To avoid binding hundreds of textures per frame, I will store them in a texture array, each rendered tile will have an index allocated in that array. As I can not have a texture array containing the data for the trillions of tiles of a planet, I need to assign and deassign the tiles dynamically and so update frequently some pages of the array.

Before starting the implementation, I want to know if the following partial update are possible and supported :

Update a page in a texture array stored only on the GPU with data from the CPU (usually a texture loaded from disk)
Update a page in a texture array stored only on the GPU with data from the GPU (A texture baked using a render to texture pipeline)
Update a page in a texture array stored on the GPU and the CPU with data from the GPU (A data texture generated from a render to texture pipeline (or in the future a compute shader))
Update a page in a texture array stored on the GPU and the CPU with data from the CPU

From what read in the doc and forum, 1 and 2 should work out of the box; 1 with a simple texture page update (I only hope that the full texture array is not send again to the GPU when a single page is updated), and 2 using a layered FBO and gl_layer. Probably 4 should work nicely like 1.
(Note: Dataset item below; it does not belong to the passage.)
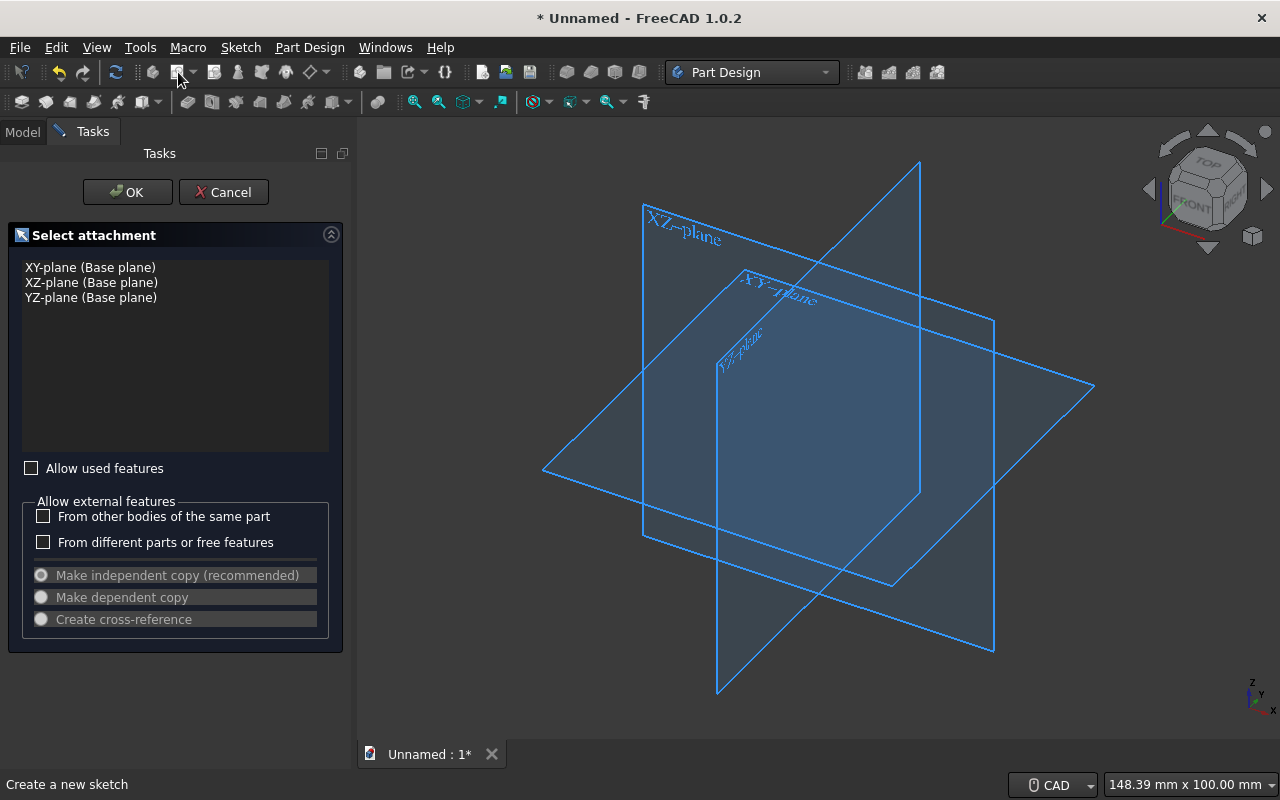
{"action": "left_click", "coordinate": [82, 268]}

I’m more concerned about 3 where I need to combine RTM_bind_layered mode with RTM_copy_ram. A possible work around would be to generate the texture individually on the GPU, copy it to RAM as before and use technique 1 to update the texture array on the GPU.

rdb · June 8, 2021, 2:20pm

If you update texture data on the CPU, even just part of an image, Panda will still reupload the entire texture array. However, this feature has been requested a couple of times and I would be willing to implement this. Please ensure that there is a feature request for this in GitHub. This should make 1 and 4 work nicely.
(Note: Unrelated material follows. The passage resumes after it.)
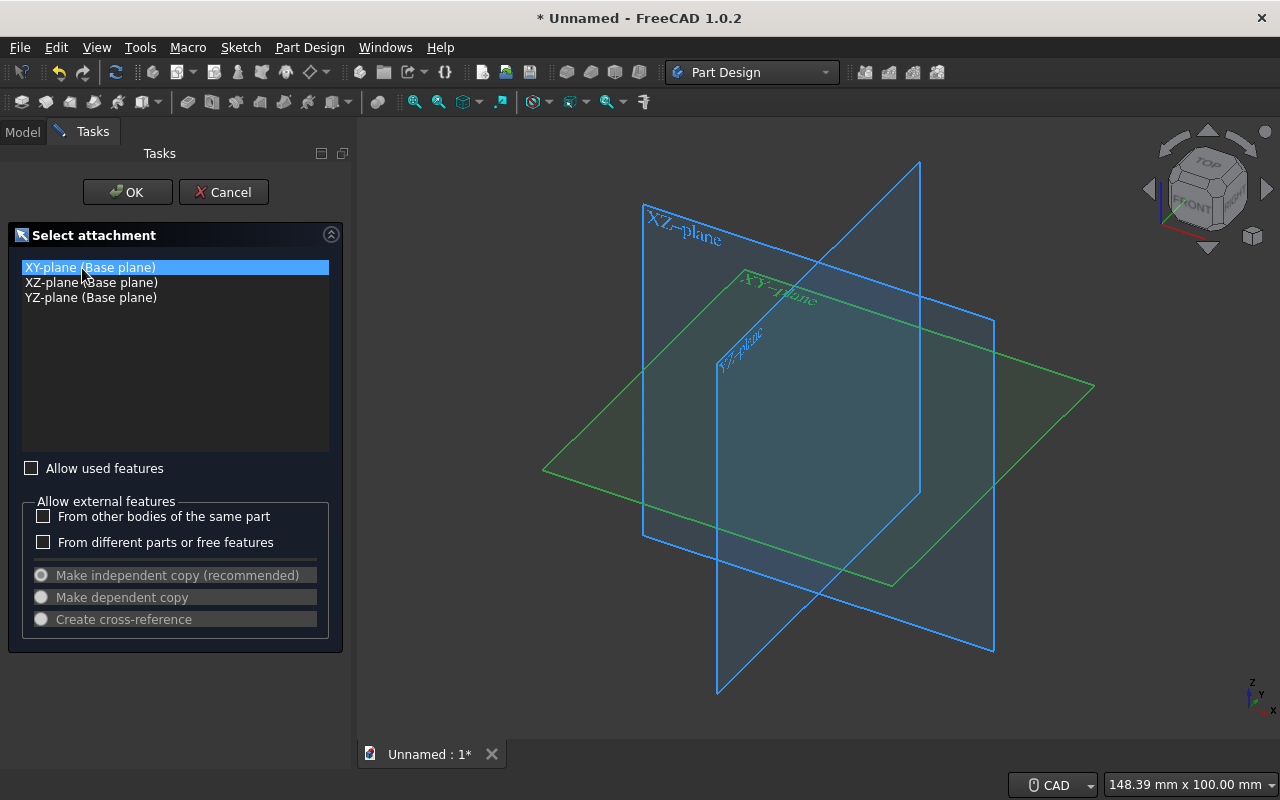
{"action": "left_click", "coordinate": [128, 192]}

2 should be possible without issues.

In theory, it may be possible to use a second add_render_texture on the same slot with RTM_copy_texture or RTM_copy_ram in theory, though I am not quite sure how this will work out. We could fix this if it doesn’t behave as one might reasonably expect.

If other options fail, you could consider using a compute shader to perform an arbitrary texture copy as desired.

eldee · June 8, 2021, 6:59pm

Thank you for the clarification, I guess it was wishful thinking on my part I created the feature request on GitHub :

github.com/panda3d/panda3d

Add partial update of texture array

opened 06:58PM - 08 Jun 21 UTC

closed 03:06PM - 04 Jul 21 UTC

el-dee

enhancement

## Description Right now, when a user updates only a subset of the pages of a… texture array on the CPU side, Panda3D will transfer again the whole texture array to the GPU. Instead it should only transfer the modified pages to the GPU (as allowed by OpenGL) in order to save bandwidth. Though I believe it should be still possible to use the full transfer if the user think the overhead of the per page transfer is greater than transferring the whole array in one go. ## Use Case This is useful when the texture array is used as a local cache in the GPU only a subset of a whole dataset (e.g. for mega or virtual textures which are too big to reside even in high end GPU), or when the array is used as an atlas with the texture generated on demand on the CPU. See this discussion thread for more details : https://discourse.panda3d.org/t/partial-texture-array-update/27735

Good, I will start with that one.

I will test it in a couple of days and report my finding.

That’s indeed an option, but as last resort. macOS still does not support compute shaders (unless you use carbon…). On the other hand if there is no other solution, I will make use of them on Linux and Windows, and have slightly worse performances on Mac.